A eventual aceitação ou rejeição da candidatura dependerá da interpretação constitucional quanto à elegibilidade de cidadãos condenados com pena suspensa e à verificação dos requisitos legais exigidos para o cargo.


Entre liberdade de expressão e tensão democrática


O caso Gilson Alves coloca Cabo Verde perante um dilema que não é exclusivo do arquipélago: como lidar, dentro do quadro democrático, com discursos que defendem modelos autoritários?


Por um lado, a democracia pressupõe pluralidade de ideias, mesmo as que contestam o próprio modelo. Por outro, a defesa explícita de regimes autoritários e da pena de morte - sobretudo num país que construiu a sua identidade política na rejeição histórica dessa prática - testa os limites do debate público.


Até ao momento, as reações institucionais têm sido moderadas e jurídicas, não políticas.

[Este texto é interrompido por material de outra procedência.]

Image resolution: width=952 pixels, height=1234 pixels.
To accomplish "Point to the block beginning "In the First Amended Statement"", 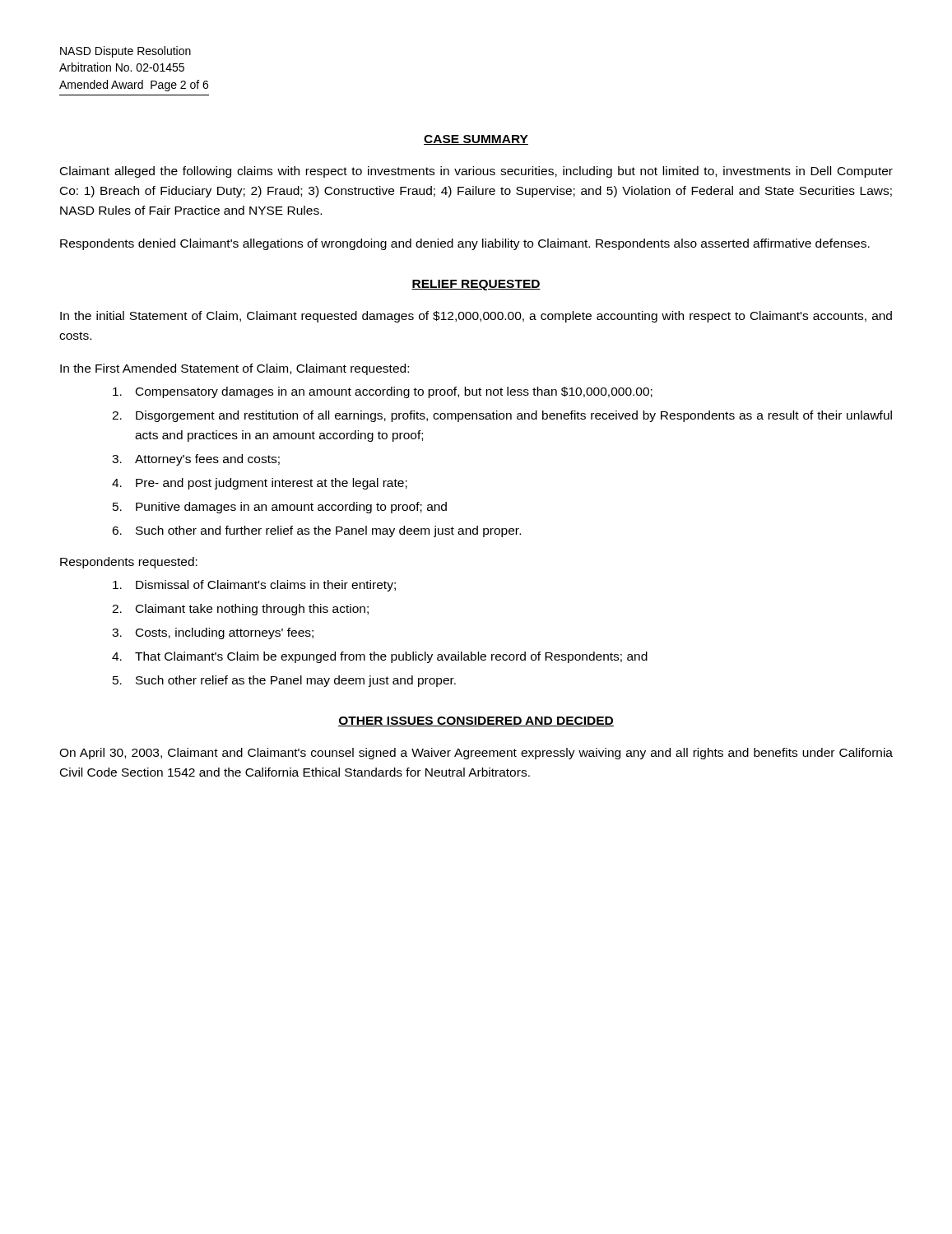I will tap(235, 368).

O que demonstra, em si, a maturidade do sistema: as declarações são analisadas à luz da Constituição e não apenas da indignação pública.

Resta saber qual será a decisão do Tribunal Constitucional e qual o impacto político efetivo da candidatura numa sociedade que, até agora, tem privilegiado estabilidade institucional e equilíbrio democrático.


O episódio não altera o quadro democrático cabo-verdiano, mas reabre uma discussão relevante: até que ponto a democracia deve acomodar discursos que defendem a sua própria transformação estrutural?